Guide to alterations

I'm a big believer in alterations. Being short, I always have to take up hems and I've had pieces mended. I bought a retro 60's lime green and hot pink suit that was a size too big (thrift store) and had it altered to fit and I've had the lining replaced on expensive jackets. I've had fasteners added to tops and jackets that gaped a little and I've even had a dress made from scratch - a Regency dress ala Jane Austen, which I later sold to a costume shop. I always tell clients that if the clothing doesn't fit right, it's not about them. Fit models rarely match exactly to most women. So, consider altering - but don't take off the tags until you've checked it's possible. 

There's been some hiccups along the way. I had to wait three months for the suit and the dress wasn't quick either, despite my using two different people and giving plenty of notice. Both experienced seamstresses were busy, worked part time and had other responsibilities. One lined a coat in a material that turned out to be unsuitable and sewed the original label in crooked, but she offered to redo. I've had luck with the combo dry cleaning/alterations shops found in shopping centers, but English wasn't the first language in any of the three I tried, so there were a few misunderstandings and some work had to be redone. Always try a tailor first with something simple and on an item that you won't cry over if it all goes to custard.

Easy alterations: 
  • Shortening hems on pants, dresses, skirts, most sleeves. With jeans and trousers with detailed hems you can usually keep the original hem, the material will be cut and resewn. 
  • Adding darts on pants, dresses, tops and shirts to make a garment more fitted. Jackets and coats can be a little more tricky due to the fabrics. If the chest is too loose though, skip the top. Darts work best under the bust, not on it. 
  • Taking in side seams on dresses, tops, skirts, sleeves (check the armhole to make sure there is enough extra room to do this).
It is much harder to let things out, unless there is ample fabric. If you're tall, check to see if the hems have extra material, you might get lucky. Otherwise, consider sizing up and altering. 

A few other scenarios: 
  • Crotch baggy - go for a lower waist line
  • Waist too tight - size up or look for a higher waist line
  • Fits everywhere but shoulders too big - you can have shoulders taken in, but check with the tailor before you take off the tags. 
Always check that you can move in the garment! 
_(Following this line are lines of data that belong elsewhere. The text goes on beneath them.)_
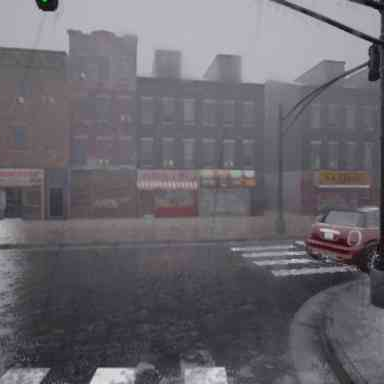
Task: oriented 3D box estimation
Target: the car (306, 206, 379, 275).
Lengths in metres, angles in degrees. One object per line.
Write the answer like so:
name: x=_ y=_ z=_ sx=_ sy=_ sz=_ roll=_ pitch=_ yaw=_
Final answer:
car: x=5.733 y=1.202 z=9.869 sx=4.553 sy=1.767 sz=2.097 roll=0 pitch=1 yaw=-21
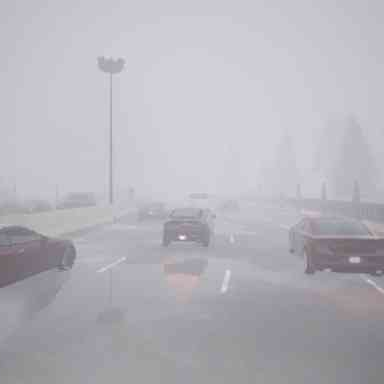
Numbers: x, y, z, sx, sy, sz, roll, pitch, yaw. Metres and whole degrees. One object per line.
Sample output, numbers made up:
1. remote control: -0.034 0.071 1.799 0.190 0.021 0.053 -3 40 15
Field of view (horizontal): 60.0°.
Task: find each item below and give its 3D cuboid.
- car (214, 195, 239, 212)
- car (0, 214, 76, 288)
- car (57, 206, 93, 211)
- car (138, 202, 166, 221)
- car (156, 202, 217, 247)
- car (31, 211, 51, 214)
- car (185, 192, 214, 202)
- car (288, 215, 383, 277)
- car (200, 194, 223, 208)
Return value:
1. car: 3.788 1.334 35.869 1.837 1.490 4.892 0 0 -5
2. car: -4.616 1.480 7.871 1.812 1.442 4.674 0 0 11
3. car: -10.012 1.065 29.209 2.150 2.045 5.566 0 0 -2
4. car: -2.881 1.434 25.664 1.994 1.385 4.181 0 0 1
5. car: -0.056 1.431 14.798 1.837 1.490 4.892 0 0 7
6. car: -13.522 1.369 28.421 1.812 1.442 4.674 0 0 -1
7. car: 0.524 1.059 32.866 2.150 2.045 5.566 0 0 -3
8. car: 4.193 1.433 10.259 1.882 1.535 5.008 0 0 9
9. car: 2.660 1.132 45.780 2.097 1.767 4.553 0 0 -11
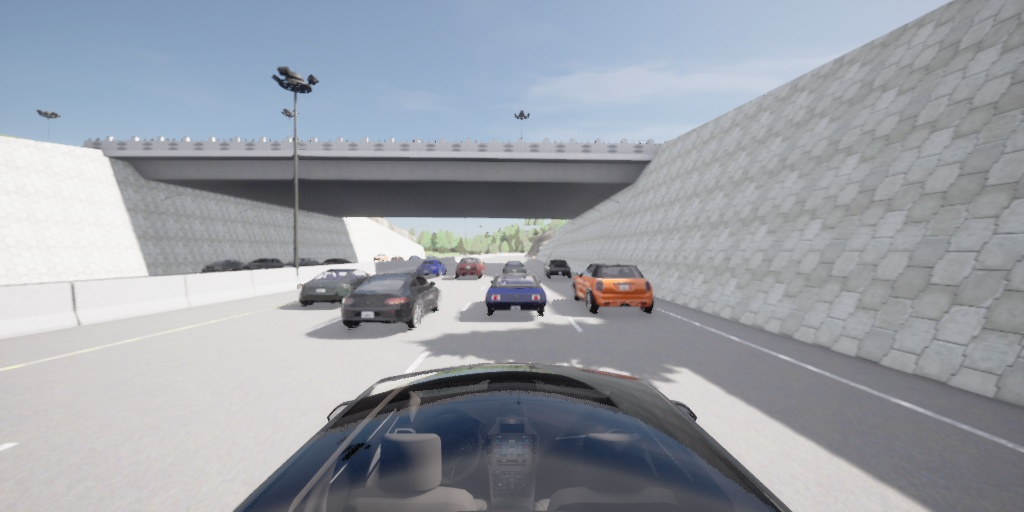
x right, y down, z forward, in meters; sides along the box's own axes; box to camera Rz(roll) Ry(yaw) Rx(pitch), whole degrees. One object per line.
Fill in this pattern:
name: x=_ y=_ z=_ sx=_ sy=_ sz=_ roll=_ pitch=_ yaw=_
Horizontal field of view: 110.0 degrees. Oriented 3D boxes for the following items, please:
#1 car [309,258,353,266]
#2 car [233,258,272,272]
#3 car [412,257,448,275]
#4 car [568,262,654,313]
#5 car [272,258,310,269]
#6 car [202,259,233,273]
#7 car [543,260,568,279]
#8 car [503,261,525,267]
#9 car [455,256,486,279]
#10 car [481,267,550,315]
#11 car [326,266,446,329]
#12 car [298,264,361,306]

Fit is so important. If the zip keeps popping open, you expose your butt when you bend over, you can barely walk in that skirt, the top is too tight across the bust, your thighs are constricted when you sit down, the skirt rides up when you walk, fabric bunches when you fold your arms, pants slip down when you take a few steps, anywhere is tight, chest is baggy, it could be the wrong size, or it could be badly made. Either way, don't buy it.  

Happy shopping!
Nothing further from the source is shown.